= Wittingslow Amusements =

Australian traveling carnival

Wittingslow Amusements was an Australian traveling carnival.

Founder Thomas George Wittingslow made his start during the Great Depression in the early 1930s. After a brief apprenticeship at a city fun parlour, Thomas went out on his own in 1932, working small shows and fairs in country Victoria. Returning to Melbourne for his first Royal Melbourne Show, Thomas began what was to become a lifelong association.

After six years of war service, Thomas returned to the industry in 1946 and with son Des began working fairs in large provincial towns. They ventured into the first amusement rides at the Royal Melbourne Show, when merry-go-rounds or carousels were popular after years of war-time austerity. The Melbourne Moomba Festival of 1948 saw Wittingslow present the first new generation "thrill" rides. Over the next 30 years, the Wittingslow family business grew steadily with three generations playing an active role.

In 1982 Tom Wittingslow formed a partnership with Terry Cartlidge and engineer and owner of CAMAC Ride manufacturing. This led to ventures into new ride designs and construction led to successful projects, such as the Sea World Corkscrew rollercoaster on Queensland's Gold Coast and many other thrill rides.
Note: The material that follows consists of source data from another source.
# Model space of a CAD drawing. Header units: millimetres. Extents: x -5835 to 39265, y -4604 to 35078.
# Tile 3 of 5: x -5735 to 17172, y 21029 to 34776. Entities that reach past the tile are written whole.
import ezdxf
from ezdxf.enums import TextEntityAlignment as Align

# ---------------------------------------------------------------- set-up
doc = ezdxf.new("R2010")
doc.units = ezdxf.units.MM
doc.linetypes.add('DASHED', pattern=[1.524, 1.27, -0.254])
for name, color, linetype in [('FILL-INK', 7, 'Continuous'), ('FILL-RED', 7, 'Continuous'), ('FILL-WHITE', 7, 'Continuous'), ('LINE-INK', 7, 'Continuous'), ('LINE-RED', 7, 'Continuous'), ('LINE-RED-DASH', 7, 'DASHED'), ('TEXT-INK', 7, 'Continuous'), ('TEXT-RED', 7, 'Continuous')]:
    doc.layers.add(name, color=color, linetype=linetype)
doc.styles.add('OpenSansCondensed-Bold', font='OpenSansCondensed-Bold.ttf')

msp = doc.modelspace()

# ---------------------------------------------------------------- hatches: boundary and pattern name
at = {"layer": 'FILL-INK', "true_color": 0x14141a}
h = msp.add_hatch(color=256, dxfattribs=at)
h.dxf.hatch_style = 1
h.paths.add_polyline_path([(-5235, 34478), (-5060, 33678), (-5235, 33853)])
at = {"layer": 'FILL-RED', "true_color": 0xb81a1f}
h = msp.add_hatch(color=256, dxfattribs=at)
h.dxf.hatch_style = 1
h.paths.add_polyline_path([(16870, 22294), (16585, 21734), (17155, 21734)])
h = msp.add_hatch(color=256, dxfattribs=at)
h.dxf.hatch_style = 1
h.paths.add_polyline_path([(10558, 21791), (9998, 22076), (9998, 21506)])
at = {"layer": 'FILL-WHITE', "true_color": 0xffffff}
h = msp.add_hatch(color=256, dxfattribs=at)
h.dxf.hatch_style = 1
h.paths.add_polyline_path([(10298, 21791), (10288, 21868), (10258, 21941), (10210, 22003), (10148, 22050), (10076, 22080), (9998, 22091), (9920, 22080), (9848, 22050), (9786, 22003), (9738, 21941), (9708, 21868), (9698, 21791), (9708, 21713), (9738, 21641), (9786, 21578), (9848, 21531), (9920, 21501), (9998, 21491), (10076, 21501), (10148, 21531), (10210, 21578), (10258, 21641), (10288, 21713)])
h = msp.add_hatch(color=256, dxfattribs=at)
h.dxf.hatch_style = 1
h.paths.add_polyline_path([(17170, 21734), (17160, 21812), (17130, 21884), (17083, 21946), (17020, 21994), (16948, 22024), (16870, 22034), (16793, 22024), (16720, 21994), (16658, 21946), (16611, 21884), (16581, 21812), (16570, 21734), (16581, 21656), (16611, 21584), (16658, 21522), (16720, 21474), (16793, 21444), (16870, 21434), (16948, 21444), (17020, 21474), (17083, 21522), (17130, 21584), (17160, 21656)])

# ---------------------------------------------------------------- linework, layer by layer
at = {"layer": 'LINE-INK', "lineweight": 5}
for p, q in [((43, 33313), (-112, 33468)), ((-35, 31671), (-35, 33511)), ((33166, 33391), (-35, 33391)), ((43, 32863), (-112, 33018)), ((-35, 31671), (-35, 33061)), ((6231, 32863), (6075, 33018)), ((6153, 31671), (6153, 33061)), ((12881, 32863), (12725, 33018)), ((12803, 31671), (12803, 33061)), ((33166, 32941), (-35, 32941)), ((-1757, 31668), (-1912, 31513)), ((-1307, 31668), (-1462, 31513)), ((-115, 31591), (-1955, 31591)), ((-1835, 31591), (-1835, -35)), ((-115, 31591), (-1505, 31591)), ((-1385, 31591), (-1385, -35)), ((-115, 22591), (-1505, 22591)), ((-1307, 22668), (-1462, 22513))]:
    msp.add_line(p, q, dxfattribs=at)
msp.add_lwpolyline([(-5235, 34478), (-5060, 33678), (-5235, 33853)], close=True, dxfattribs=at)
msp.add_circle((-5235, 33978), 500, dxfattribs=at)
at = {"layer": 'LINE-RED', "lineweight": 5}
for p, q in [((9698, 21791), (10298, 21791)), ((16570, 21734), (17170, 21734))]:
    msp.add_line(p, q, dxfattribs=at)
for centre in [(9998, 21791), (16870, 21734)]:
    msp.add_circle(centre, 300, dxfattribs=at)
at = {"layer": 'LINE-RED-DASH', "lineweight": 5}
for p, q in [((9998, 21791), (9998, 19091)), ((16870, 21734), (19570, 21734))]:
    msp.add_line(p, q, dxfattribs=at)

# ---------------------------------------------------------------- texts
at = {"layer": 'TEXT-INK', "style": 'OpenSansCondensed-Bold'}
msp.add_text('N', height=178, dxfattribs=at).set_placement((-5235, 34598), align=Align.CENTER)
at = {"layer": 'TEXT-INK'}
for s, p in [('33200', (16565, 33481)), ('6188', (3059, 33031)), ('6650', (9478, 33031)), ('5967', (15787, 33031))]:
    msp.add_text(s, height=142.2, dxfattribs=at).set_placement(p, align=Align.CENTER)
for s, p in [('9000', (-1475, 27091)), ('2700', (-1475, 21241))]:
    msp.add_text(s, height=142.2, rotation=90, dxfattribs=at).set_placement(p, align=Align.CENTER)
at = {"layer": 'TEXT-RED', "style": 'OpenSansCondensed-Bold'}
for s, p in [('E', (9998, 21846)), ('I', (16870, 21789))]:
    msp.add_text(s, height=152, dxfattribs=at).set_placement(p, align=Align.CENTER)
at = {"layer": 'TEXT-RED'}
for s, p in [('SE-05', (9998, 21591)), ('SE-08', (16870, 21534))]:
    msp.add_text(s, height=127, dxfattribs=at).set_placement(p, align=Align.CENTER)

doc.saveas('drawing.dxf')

Disagreements between the parties led to the dissolving of this partnership in 1986. CAMAC went onto building other notable rides such as the Lethal Weapon rollercoaster and other rides throughout Southeast Asia.

The Wittingslow Carnival operated at all major agricultural shows, including Melbourne, Sydney, Brisbane and Adelaide, and many street festivals in Melbourne. Since the 1950s, Wittingslow rides have also operated at the Rye and Rosebud Christmas Carnivals on the Mornington Peninsula.

The Wittingslow operation went into receivership in 2001 ending an era for Australia's east coast agricultural shows. Since going into receivership, Wittingslow has returned, and is now trading as Amusements Australia.